I’m going to tell you about a special pot of beans.

the team

First, the occasion: my mother and stepfather have moved here. Let’s try that again: MY MOTHER AND STEPFATHER HAVE MOVED HERE. They’re living in an apartment not 15 minutes from my house. This is the first time I have ever lived in the same city with my loving, thoughtful, dangerously witty fisherman stepfather, and it’s the first time in over 10 years that I’ve lived in the same city with my inspiring, intuitive mother (who, for the record, usually manages to out-fish my stepdad). So last Friday, we had a small family gathering to celebrate their arrival. We had some champagne to drink. Hence, I had a pot of beans to assemble.

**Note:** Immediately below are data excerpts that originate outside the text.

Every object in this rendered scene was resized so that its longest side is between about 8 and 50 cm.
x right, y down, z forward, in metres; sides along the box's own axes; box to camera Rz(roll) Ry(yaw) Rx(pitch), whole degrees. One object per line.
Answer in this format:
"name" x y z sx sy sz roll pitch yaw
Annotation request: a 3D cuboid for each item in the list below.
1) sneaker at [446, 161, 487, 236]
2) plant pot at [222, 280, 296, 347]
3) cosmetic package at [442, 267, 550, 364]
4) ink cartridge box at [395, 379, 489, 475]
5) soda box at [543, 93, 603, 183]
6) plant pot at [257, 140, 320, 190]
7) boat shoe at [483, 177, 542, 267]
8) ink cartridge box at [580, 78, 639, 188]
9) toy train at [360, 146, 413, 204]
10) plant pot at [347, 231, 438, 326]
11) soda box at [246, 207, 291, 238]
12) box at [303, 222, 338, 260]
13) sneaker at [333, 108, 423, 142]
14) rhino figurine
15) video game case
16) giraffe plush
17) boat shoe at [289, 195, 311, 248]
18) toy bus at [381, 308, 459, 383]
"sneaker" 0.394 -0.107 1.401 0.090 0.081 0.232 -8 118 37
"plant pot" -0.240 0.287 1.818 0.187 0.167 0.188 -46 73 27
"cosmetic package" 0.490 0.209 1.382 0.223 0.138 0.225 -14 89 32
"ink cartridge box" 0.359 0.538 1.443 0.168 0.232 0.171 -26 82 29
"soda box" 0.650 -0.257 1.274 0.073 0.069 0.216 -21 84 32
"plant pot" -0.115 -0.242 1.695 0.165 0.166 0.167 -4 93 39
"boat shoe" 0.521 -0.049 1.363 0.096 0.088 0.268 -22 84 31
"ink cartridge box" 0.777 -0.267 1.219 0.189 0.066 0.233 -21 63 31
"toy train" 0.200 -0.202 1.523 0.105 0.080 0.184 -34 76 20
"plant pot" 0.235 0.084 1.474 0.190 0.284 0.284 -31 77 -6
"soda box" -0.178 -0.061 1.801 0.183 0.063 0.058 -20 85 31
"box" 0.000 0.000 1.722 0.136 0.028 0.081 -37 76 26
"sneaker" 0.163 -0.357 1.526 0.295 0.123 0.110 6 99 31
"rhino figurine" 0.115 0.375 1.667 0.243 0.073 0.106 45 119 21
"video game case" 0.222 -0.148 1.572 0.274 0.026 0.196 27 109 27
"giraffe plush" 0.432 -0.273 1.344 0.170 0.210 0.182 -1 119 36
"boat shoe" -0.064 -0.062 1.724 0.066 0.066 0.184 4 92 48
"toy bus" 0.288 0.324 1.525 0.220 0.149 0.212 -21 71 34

A pot of beans, though? How do you elevate a pot of beans to something worthy of such an auspicious occasion? You take your time, tasting as you go, and you enjoy the process. And why choose beans when the bounty of the Pacific Northwest is available at the seafood shop just across the bridge? Because in our world, beans are a true comfort food. They’re all about coming home. And because my mom said, “Just throw something in a pot. One pot. Keep it simple.”

Welcome Home Chili Beans

Serves 6 big eaters with leftovers for a nice lunch or two.

Takes about 4 hours if you’re making your own stock and doing everything the day of serving. 3 hours if you’re an efficient multitasker for a living, like me. You could probably do this in the span of 1.5 hours if you’re using canned beans, boxed stock, and like to feel rushed. OR, if you roast your squash and garlic and make your Umami Bomb and Chile Stock a day ahead, and your beans are soft and ready, shit–this could take you like 45 minutes total. It’s a choose-your-own-adventure cooking experience.

Here’s what you need:

  • 1 2.5 pound butternut squash (or an equal quantity of sweet potatoes), peeled and cut into 0.5-0.75″ cubes
  • 3-4 slices of uncured bacon
  • 2 large carrots, diced
  • 3 stalks celery, diced
  • 1 large sweet onion, diced
  • 1.5 pounds of dry black beans, soaked overnight/forever until soft OR like three or four cans of black beans with some of the liquid reserved (OR, if you’re like me and find that soaking dry black beans overnight does next to nothing, pop 1.5 lbs dry black beans in a pressure cooker with water to cover by several inches and cook on high for 22 minutes, using natural release method to liberate your beans)
  • The strays in your fridge/counter. Mine yielded 2 small leeks, a little red potato, and 1.5 cups of mildly seasoned cooked chicken breast. I’d totally use the chicken again in another iteration.
  • a couple bay leaves
  • 1 tablespoon ground cumin
  • 1 teaspoon ground coriander
  • 1-2 tablespoons chili powder–Now, if you have some nice powdered ancho chile, use it. If you have the crap from the spice aisle with the green lid that just says “chili powder,” use it. You don’t have to be a chili powder snob here. You’re already using dried chiles in this recipe so you’ve got some some cred. And just note that each powder has its own potency. You’ll have to add this one to taste, and that’s okay. Each pot of beans is a unique snowflake.
  • Lots of stock.Well, probably at least 4-6 cups depending upon how thick or thin you want your beany goodness. You want a good quality low-sodium chicken broth in a box or better yet, a chicken or veggie broth you’ve made yourself at home. I used something I’m going to call my Odds and Ends Chile Stock… scroll on down to the notes below to see how I usually do it. I’m probably not giving it enough credit for the deliciousness of this pot of beans.
  • 1 recipe Pot Bean Umami Bomb, below
  • salt
  • pepper
  • mild vegetable oil–olive, canola, or grapeseed

Okay. Take heart. This is not a difficult recipe by any means, but it does require a little time and assembly. First, preheat your oven to 400 degrees. Now is a good time to get the stock going on the stovetop as outlined below, if you’re going that route. Toss the cubed butternut squash in 1-2 tablespoons of oil and prepare a head of garlic for roasting as well.  Pop these into the oven and let them go for 30-45 minutes, checking in occasionally to ensure that your squash is not burning. When the squash is cooked to your liking (I like mine just shy of burnt), pull everything out of the oven and set aside. And try not to eat all the squash while you do everything else.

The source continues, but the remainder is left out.